De-identified notes not outputting to specific directory #2

Closed kmuenzen closed 2 years ago

bayan6060 commented 4 years ago

I have some xml files from i2b2 data sets. When trying to convert xml files into plain text and annotated text files, I just get plain text files without any phi annotated. Moreover, the JSON file inside the data folder does not have any phi. My xml file does not have anything between <TAGS? <\TAGS>. How can i generate phi tags inside it.? Thanks

kmuenzen commented 4 years ago

@bayan6060 If you use the following command, the annotated (i.e.
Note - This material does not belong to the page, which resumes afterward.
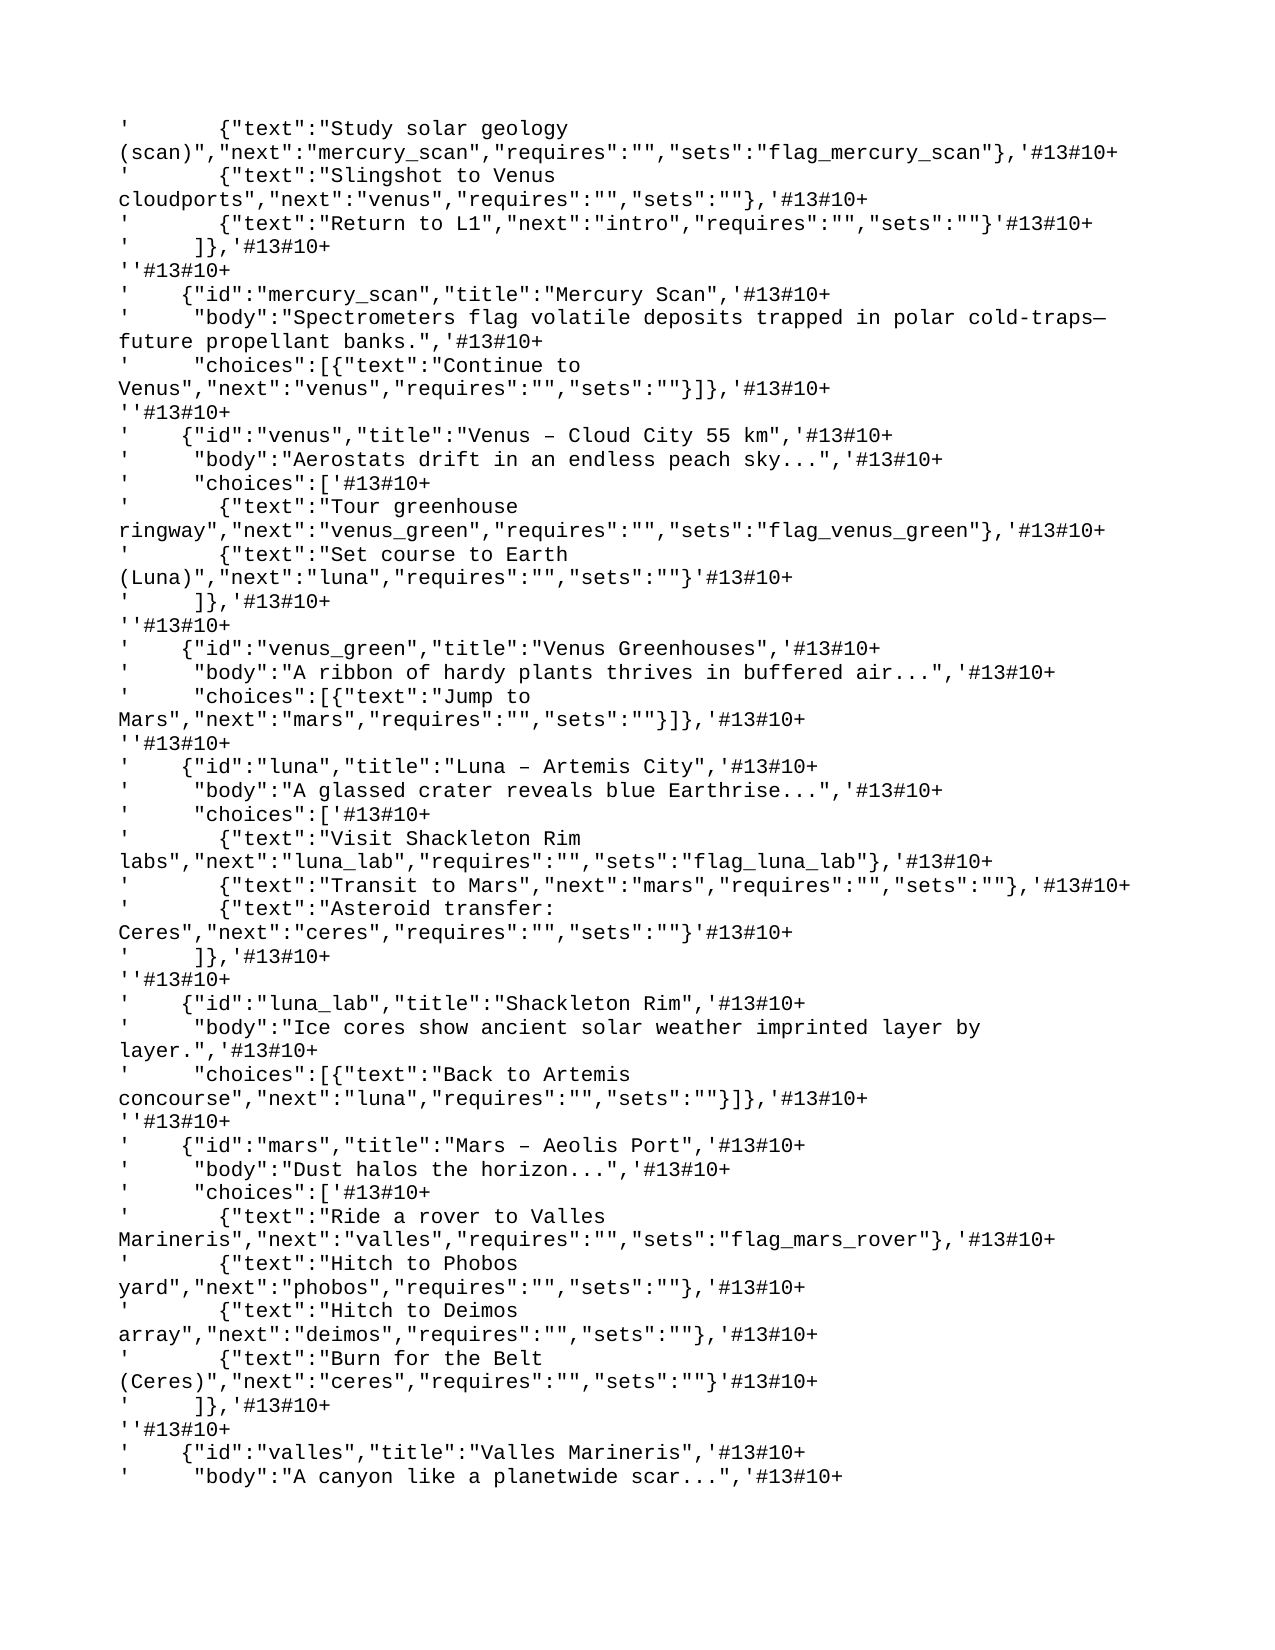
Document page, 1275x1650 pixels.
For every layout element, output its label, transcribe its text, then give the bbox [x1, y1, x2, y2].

PHI-obscured) text files should output into the directory specified by the -a flag:

python3 ./generate_dataset/main_ucsf_updated.py -x ./data/i2b2_xml/ -o ./data/phi_notes_i2b2.json -n ./data/i2b2_notes/ -a ./data/i2b2_anno/

If there are no PHI tags specified in your input XML files (or the tags are not formatted correctly), the notes in the annotated folder will appear to be unannotated since there is technically no PHI to obscure.

Have you made sure that the tag format of your input XML files is the same as those in the example data/i2b2_xml/ folder in this repository?

RedChrists commented 2 years ago

Closing due to inactivity.